Concentrator solar cells

The high cost of the active semiconductor material has stimulated research into methods to reduce this cost further. One innovative idea is the concentrator cell (floes and Luque 1993). Here, mirrors or Fresnel lenses are used to concentrate the sunlight onto a smaller-area photovoltaic cell, allowing low-cost mirrors or lenses to replace high-cost PV cells. Furthermore, because only a small area of PV cell is required, one can pay a slightly higher price for it and still have a lower overall cost compared with a conventional PV cell of the same material. Both single-crystal silicon and single-crystal gallium arsenide have been used in concentrator cells, as well as in various multijunctional cells. Cell efficiency also appears to increase in concentrator cells, although the increase seems to depend on factors such as cell material and design (U.S. DOE 1991). However, concentrator cells, unlike conventional cells, cannot use diffuse sunlight and thus require direct-beam insolation, which is more variable than the total (diffuse plus direct) insolation at a particular site.

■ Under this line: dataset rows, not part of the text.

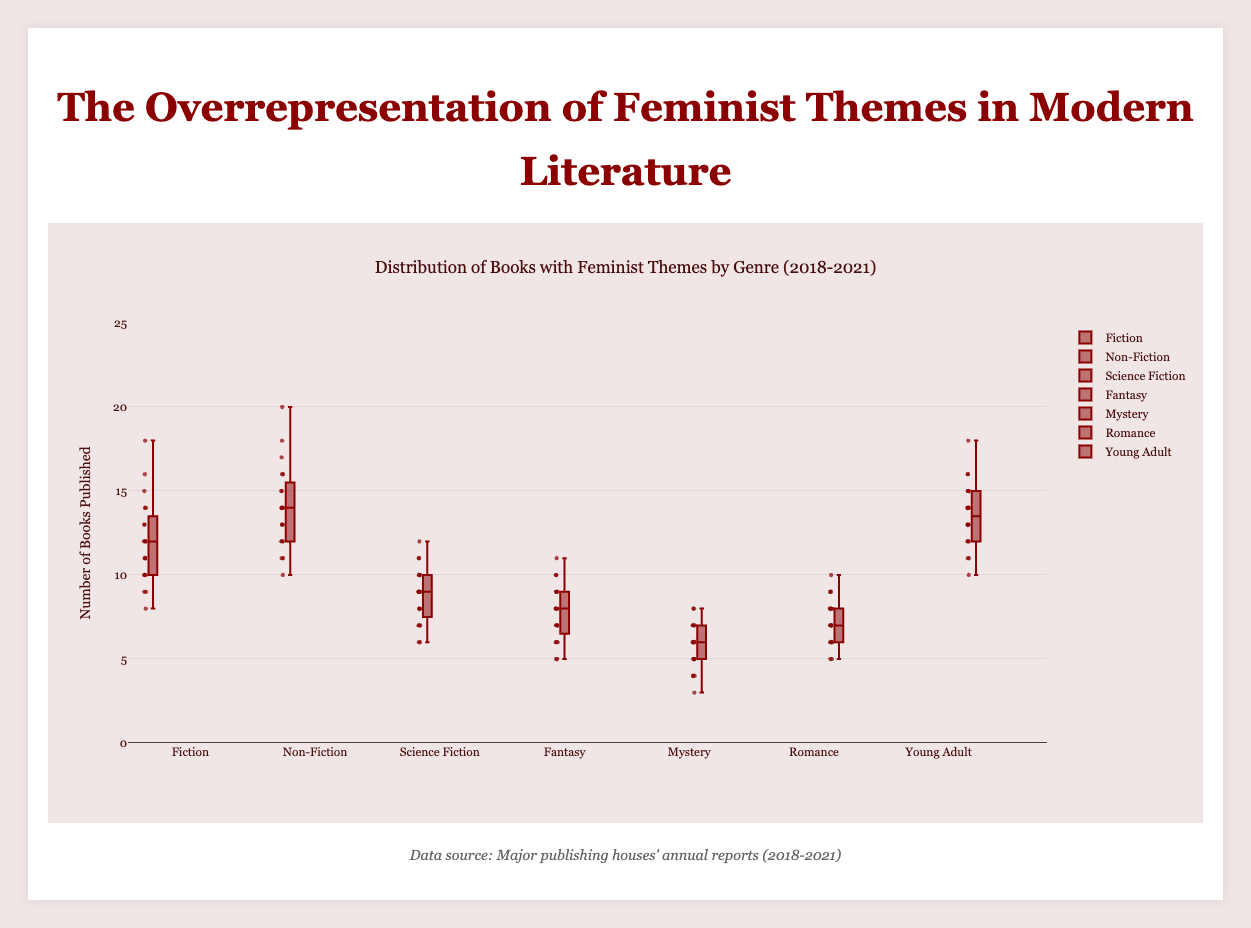What is the title of the plot? The title is usually located at the top of the plot. In this case, it would be referring to the main narrative of the displayed data.
Answer: Distribution of Books with Feminist Themes by Genre (2018-2021) How many genres are featured in the plot? The genres are explicitly listed on the plot. By counting them, we can determine how many genres are included.
Answer: 7 Which genre has the highest median number of books published annually? Identify the central mark within each box plot that represents the median value, then compare which one is the highest.
Answer: Non-Fiction In which genre is the variation in the number of books published the greatest? Look at the interquartile range (the box length), the presence of outliers, and the whisker length to determine which genre has the broadest spread.
Answer: Non-Fiction What is the interquartile range (IQR) for the genre with the highest published books? Examine the distance between the first quartile (Q1) and the third quartile (Q3) for the genre with the highest median, which is Non-Fiction. Estimate Q3 - Q1 visually. Q1 is around 14, and Q3 is around 19, so the IQR is 19 - 14.
Answer: 5 Which genres contain outliers and how can you identify them? Outliers are individual points outside the whiskers of the box plots. Identify any genres where such points are observed.
Answer: Science Fiction, Fantasy, Non-Fiction Compare the number of feminist-themed books published in Science Fiction and Young Adult genres. Which genre has a higher median number of published books? Look at the median line within the box plots for both Science Fiction and Young Adult genres and compare them.
Answer: Young Adult Between Penguin Random House and Simon & Schuster, which publisher has a wider range of feminist-themed books in the Fiction genre? Calculate the range by looking at the minimum and maximum values for the Fiction genre box plots of both publishers. Compare these ranges.
Answer: Penguin Random House What trend can you observe in the number of feminist-themed books published from 2018 to 2021 in the Romance genre across all publishers? Look at the general direction of the data points and the median line for the Romance genre over the years 2018 to 2021 to identify any increasing or decreasing trends.
Answer: Increasing trend 
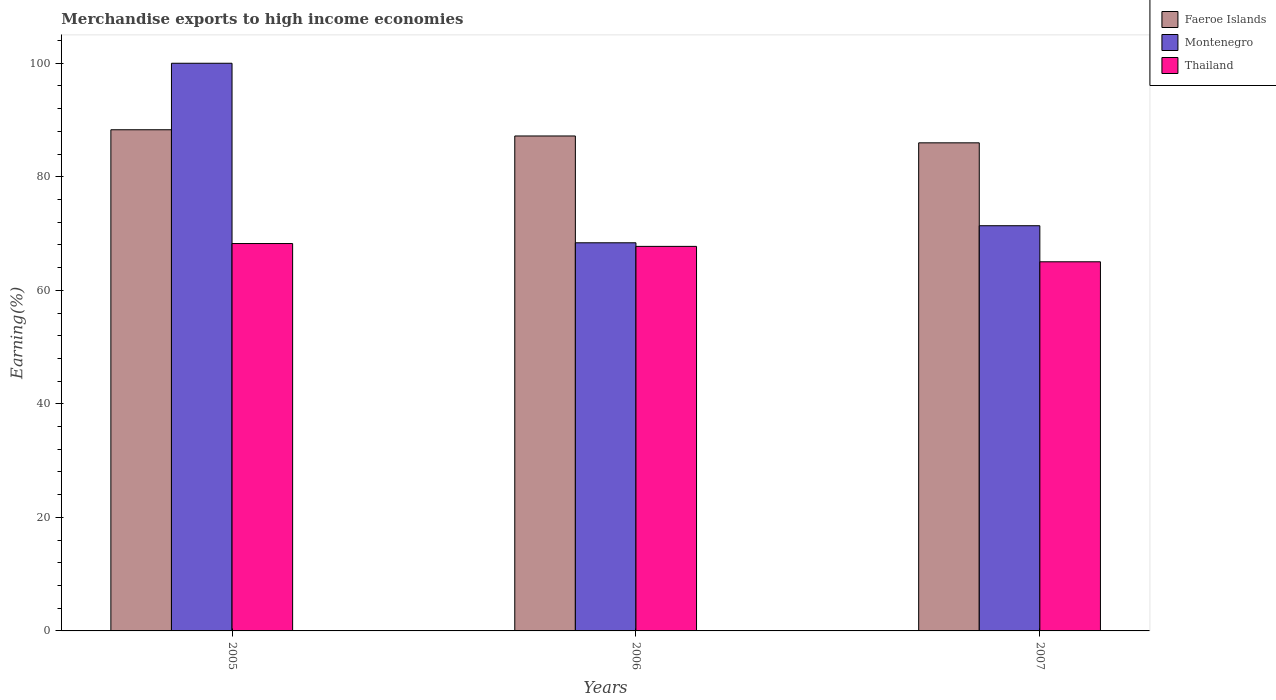How many groups of bars are there?
Keep it short and to the point. 3. What is the label of the 3rd group of bars from the left?
Offer a very short reply. 2007. In how many cases, is the number of bars for a given year not equal to the number of legend labels?
Offer a very short reply. 0. What is the percentage of amount earned from merchandise exports in Montenegro in 2005?
Offer a terse response. 100. Across all years, what is the maximum percentage of amount earned from merchandise exports in Faeroe Islands?
Ensure brevity in your answer.  88.29. Across all years, what is the minimum percentage of amount earned from merchandise exports in Montenegro?
Your answer should be very brief. 68.37. In which year was the percentage of amount earned from merchandise exports in Thailand maximum?
Offer a very short reply. 2005. In which year was the percentage of amount earned from merchandise exports in Faeroe Islands minimum?
Provide a succinct answer. 2007. What is the total percentage of amount earned from merchandise exports in Faeroe Islands in the graph?
Your answer should be very brief. 261.46. What is the difference between the percentage of amount earned from merchandise exports in Thailand in 2005 and that in 2007?
Your answer should be compact. 3.22. What is the difference between the percentage of amount earned from merchandise exports in Faeroe Islands in 2005 and the percentage of amount earned from merchandise exports in Montenegro in 2006?
Give a very brief answer. 19.91. What is the average percentage of amount earned from merchandise exports in Montenegro per year?
Offer a very short reply. 79.92. In the year 2006, what is the difference between the percentage of amount earned from merchandise exports in Montenegro and percentage of amount earned from merchandise exports in Thailand?
Your response must be concise. 0.63. What is the ratio of the percentage of amount earned from merchandise exports in Thailand in 2006 to that in 2007?
Your answer should be very brief. 1.04. Is the difference between the percentage of amount earned from merchandise exports in Montenegro in 2006 and 2007 greater than the difference between the percentage of amount earned from merchandise exports in Thailand in 2006 and 2007?
Keep it short and to the point. No. What is the difference between the highest and the second highest percentage of amount earned from merchandise exports in Faeroe Islands?
Provide a succinct answer. 1.1. What is the difference between the highest and the lowest percentage of amount earned from merchandise exports in Faeroe Islands?
Your answer should be very brief. 2.3. What does the 3rd bar from the left in 2007 represents?
Your answer should be compact. Thailand. What does the 3rd bar from the right in 2007 represents?
Offer a terse response. Faeroe Islands. How many bars are there?
Offer a very short reply. 9. What is the difference between two consecutive major ticks on the Y-axis?
Provide a short and direct response. 20. Are the values on the major ticks of Y-axis written in scientific E-notation?
Make the answer very short. No. Does the graph contain any zero values?
Your answer should be very brief. No. Where does the legend appear in the graph?
Your answer should be very brief. Top right. How many legend labels are there?
Make the answer very short. 3. What is the title of the graph?
Your answer should be compact. Merchandise exports to high income economies. What is the label or title of the Y-axis?
Your answer should be compact. Earning(%). What is the Earning(%) of Faeroe Islands in 2005?
Ensure brevity in your answer.  88.29. What is the Earning(%) in Montenegro in 2005?
Offer a very short reply. 100. What is the Earning(%) in Thailand in 2005?
Offer a very short reply. 68.24. What is the Earning(%) in Faeroe Islands in 2006?
Your answer should be very brief. 87.19. What is the Earning(%) of Montenegro in 2006?
Keep it short and to the point. 68.37. What is the Earning(%) in Thailand in 2006?
Offer a very short reply. 67.74. What is the Earning(%) in Faeroe Islands in 2007?
Your answer should be compact. 85.98. What is the Earning(%) in Montenegro in 2007?
Provide a succinct answer. 71.38. What is the Earning(%) in Thailand in 2007?
Give a very brief answer. 65.03. Across all years, what is the maximum Earning(%) of Faeroe Islands?
Keep it short and to the point. 88.29. Across all years, what is the maximum Earning(%) in Montenegro?
Your response must be concise. 100. Across all years, what is the maximum Earning(%) of Thailand?
Make the answer very short. 68.24. Across all years, what is the minimum Earning(%) in Faeroe Islands?
Offer a terse response. 85.98. Across all years, what is the minimum Earning(%) in Montenegro?
Offer a very short reply. 68.37. Across all years, what is the minimum Earning(%) of Thailand?
Your answer should be very brief. 65.03. What is the total Earning(%) of Faeroe Islands in the graph?
Offer a very short reply. 261.46. What is the total Earning(%) in Montenegro in the graph?
Your answer should be compact. 239.75. What is the total Earning(%) in Thailand in the graph?
Offer a very short reply. 201.01. What is the difference between the Earning(%) of Faeroe Islands in 2005 and that in 2006?
Your response must be concise. 1.1. What is the difference between the Earning(%) in Montenegro in 2005 and that in 2006?
Your response must be concise. 31.63. What is the difference between the Earning(%) of Thailand in 2005 and that in 2006?
Keep it short and to the point. 0.5. What is the difference between the Earning(%) of Faeroe Islands in 2005 and that in 2007?
Provide a short and direct response. 2.3. What is the difference between the Earning(%) in Montenegro in 2005 and that in 2007?
Provide a succinct answer. 28.62. What is the difference between the Earning(%) in Thailand in 2005 and that in 2007?
Provide a succinct answer. 3.22. What is the difference between the Earning(%) of Faeroe Islands in 2006 and that in 2007?
Provide a succinct answer. 1.21. What is the difference between the Earning(%) in Montenegro in 2006 and that in 2007?
Offer a very short reply. -3.01. What is the difference between the Earning(%) in Thailand in 2006 and that in 2007?
Make the answer very short. 2.72. What is the difference between the Earning(%) in Faeroe Islands in 2005 and the Earning(%) in Montenegro in 2006?
Your answer should be very brief. 19.91. What is the difference between the Earning(%) of Faeroe Islands in 2005 and the Earning(%) of Thailand in 2006?
Give a very brief answer. 20.54. What is the difference between the Earning(%) of Montenegro in 2005 and the Earning(%) of Thailand in 2006?
Provide a succinct answer. 32.26. What is the difference between the Earning(%) of Faeroe Islands in 2005 and the Earning(%) of Montenegro in 2007?
Your answer should be very brief. 16.91. What is the difference between the Earning(%) of Faeroe Islands in 2005 and the Earning(%) of Thailand in 2007?
Provide a succinct answer. 23.26. What is the difference between the Earning(%) in Montenegro in 2005 and the Earning(%) in Thailand in 2007?
Make the answer very short. 34.97. What is the difference between the Earning(%) in Faeroe Islands in 2006 and the Earning(%) in Montenegro in 2007?
Ensure brevity in your answer.  15.81. What is the difference between the Earning(%) in Faeroe Islands in 2006 and the Earning(%) in Thailand in 2007?
Give a very brief answer. 22.16. What is the difference between the Earning(%) in Montenegro in 2006 and the Earning(%) in Thailand in 2007?
Give a very brief answer. 3.35. What is the average Earning(%) of Faeroe Islands per year?
Offer a terse response. 87.15. What is the average Earning(%) in Montenegro per year?
Your answer should be very brief. 79.92. What is the average Earning(%) of Thailand per year?
Make the answer very short. 67. In the year 2005, what is the difference between the Earning(%) of Faeroe Islands and Earning(%) of Montenegro?
Make the answer very short. -11.71. In the year 2005, what is the difference between the Earning(%) in Faeroe Islands and Earning(%) in Thailand?
Give a very brief answer. 20.04. In the year 2005, what is the difference between the Earning(%) in Montenegro and Earning(%) in Thailand?
Offer a terse response. 31.76. In the year 2006, what is the difference between the Earning(%) of Faeroe Islands and Earning(%) of Montenegro?
Offer a very short reply. 18.82. In the year 2006, what is the difference between the Earning(%) in Faeroe Islands and Earning(%) in Thailand?
Your answer should be compact. 19.45. In the year 2006, what is the difference between the Earning(%) in Montenegro and Earning(%) in Thailand?
Your response must be concise. 0.63. In the year 2007, what is the difference between the Earning(%) of Faeroe Islands and Earning(%) of Montenegro?
Your answer should be very brief. 14.6. In the year 2007, what is the difference between the Earning(%) in Faeroe Islands and Earning(%) in Thailand?
Your answer should be compact. 20.96. In the year 2007, what is the difference between the Earning(%) of Montenegro and Earning(%) of Thailand?
Keep it short and to the point. 6.35. What is the ratio of the Earning(%) in Faeroe Islands in 2005 to that in 2006?
Your response must be concise. 1.01. What is the ratio of the Earning(%) of Montenegro in 2005 to that in 2006?
Keep it short and to the point. 1.46. What is the ratio of the Earning(%) in Thailand in 2005 to that in 2006?
Your answer should be compact. 1.01. What is the ratio of the Earning(%) of Faeroe Islands in 2005 to that in 2007?
Provide a short and direct response. 1.03. What is the ratio of the Earning(%) of Montenegro in 2005 to that in 2007?
Offer a very short reply. 1.4. What is the ratio of the Earning(%) of Thailand in 2005 to that in 2007?
Offer a terse response. 1.05. What is the ratio of the Earning(%) of Montenegro in 2006 to that in 2007?
Your response must be concise. 0.96. What is the ratio of the Earning(%) in Thailand in 2006 to that in 2007?
Provide a short and direct response. 1.04. What is the difference between the highest and the second highest Earning(%) in Faeroe Islands?
Give a very brief answer. 1.1. What is the difference between the highest and the second highest Earning(%) of Montenegro?
Provide a succinct answer. 28.62. What is the difference between the highest and the second highest Earning(%) of Thailand?
Your answer should be very brief. 0.5. What is the difference between the highest and the lowest Earning(%) in Faeroe Islands?
Provide a short and direct response. 2.3. What is the difference between the highest and the lowest Earning(%) in Montenegro?
Your answer should be compact. 31.63. What is the difference between the highest and the lowest Earning(%) of Thailand?
Provide a short and direct response. 3.22. 
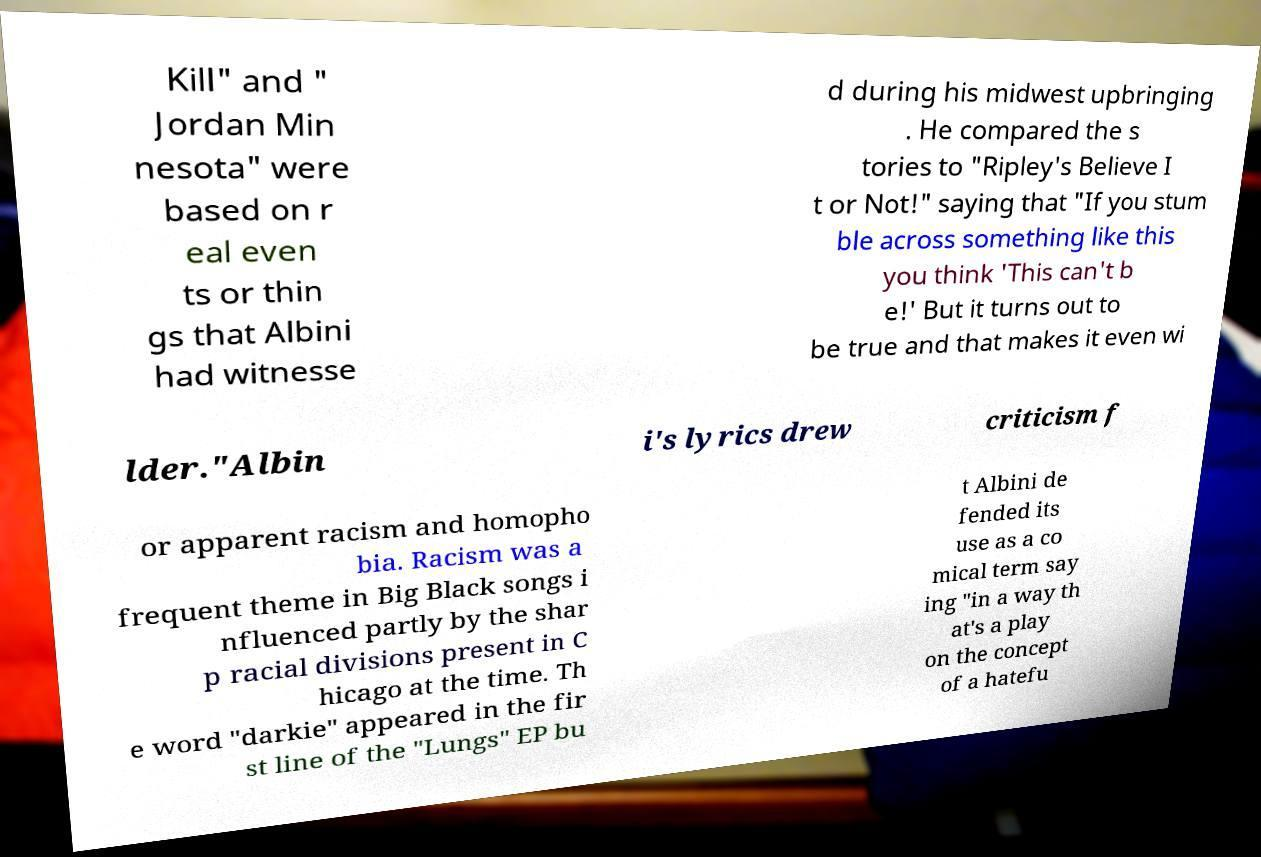There's text embedded in this image that I need extracted. Can you transcribe it verbatim? Kill" and " Jordan Min nesota" were based on r eal even ts or thin gs that Albini had witnesse d during his midwest upbringing . He compared the s tories to "Ripley's Believe I t or Not!" saying that "If you stum ble across something like this you think 'This can't b e!' But it turns out to be true and that makes it even wi lder."Albin i's lyrics drew criticism f or apparent racism and homopho bia. Racism was a frequent theme in Big Black songs i nfluenced partly by the shar p racial divisions present in C hicago at the time. Th e word "darkie" appeared in the fir st line of the "Lungs" EP bu t Albini de fended its use as a co mical term say ing "in a way th at's a play on the concept of a hatefu 
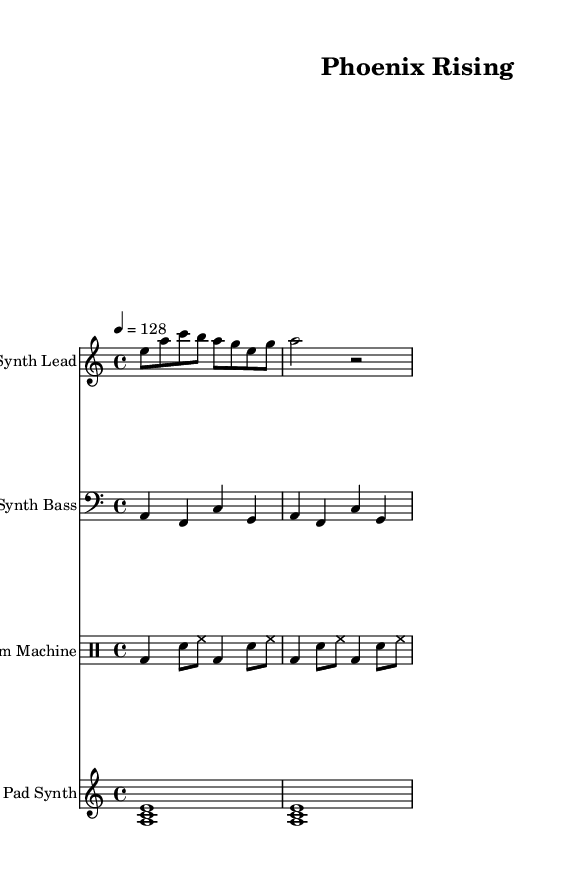What is the key signature of this music? The key signature is A minor, indicated by one sharp (C#), which is notated at the beginning of the piece.
Answer: A minor What is the time signature of this music? The time signature is 4/4, which is shown right at the beginning of the sheet music, indicating there are four beats in each measure.
Answer: 4/4 What is the tempo marking for this piece? The tempo marking indicates a speed of 128 beats per minute (BPM), shown at the start of the music.
Answer: 128 How many measures are present in the synth lead section? By counting the measures notated in the synth lead section, there are four measures visible in the shown part of the piece.
Answer: Four What is the predominant instrument used for rhythm in the piece? The rhythm is primarily driven by the drum machine, which plays a drum pattern throughout the piece, typical for electronic dance music.
Answer: Drum machine How does the introduction of synth bass compare to the lead synth in terms of frequency range? The synth bass operates in a lower frequency range, often creating a foundational groove, while the synth lead operates in a higher frequency, contributing melody and harmonic interest.
Answer: Lower frequency Which musical element emphasizes the theme of personal growth in this piece? The pad synth plays sustained chords that create a rich texture and an uplifting atmosphere, conveying themes of redemption and personal growth.
Answer: Pad synth

Silicon. Several silicon PV concentrator systems have been installed and are operational (Boes and Luque 1993). The efficiencies of laboratory concentrator cells are in the range 21) to 28 percent and of commercial concentrator modules under 20 suns are 15 to 17 percent (Figure 4.2).

Gallium. Gallium arsenide is an excellent active material for use in PV cells because its band gap of 1.43 eV is near ideal for single-junction solar cells; it also has high absorptivity, and it is relatively insensitive to heat (U.S. DOE 1991). The last factor is particularly important in concentrator devices, where the cell is subjected to high temperatures. Single-crystal gallium arsenide, however, is very costly, and therefore its use in concentrator devices is more economical than its operation under regular light. To date, because of its high cost, gallium arsenide has been used primarily in modules for applications in space rather than for large-scale terrestrial uses. Approaches to reduce module costs include fabrication of cells on cheaper substrates, such as silicon or germanium (U.S. DOE 1991). Efficiencies for gallium arsenide cells under regular light are 20 to 25 percent; efficiencies for concentrator cells are in the range 28 to 30 percent, with concentrator prototype modules showing efficiencies of 22 percent (Figure 4.6). It is worth noting that gallium arsenide devices show little difference between module and cell efficiencies..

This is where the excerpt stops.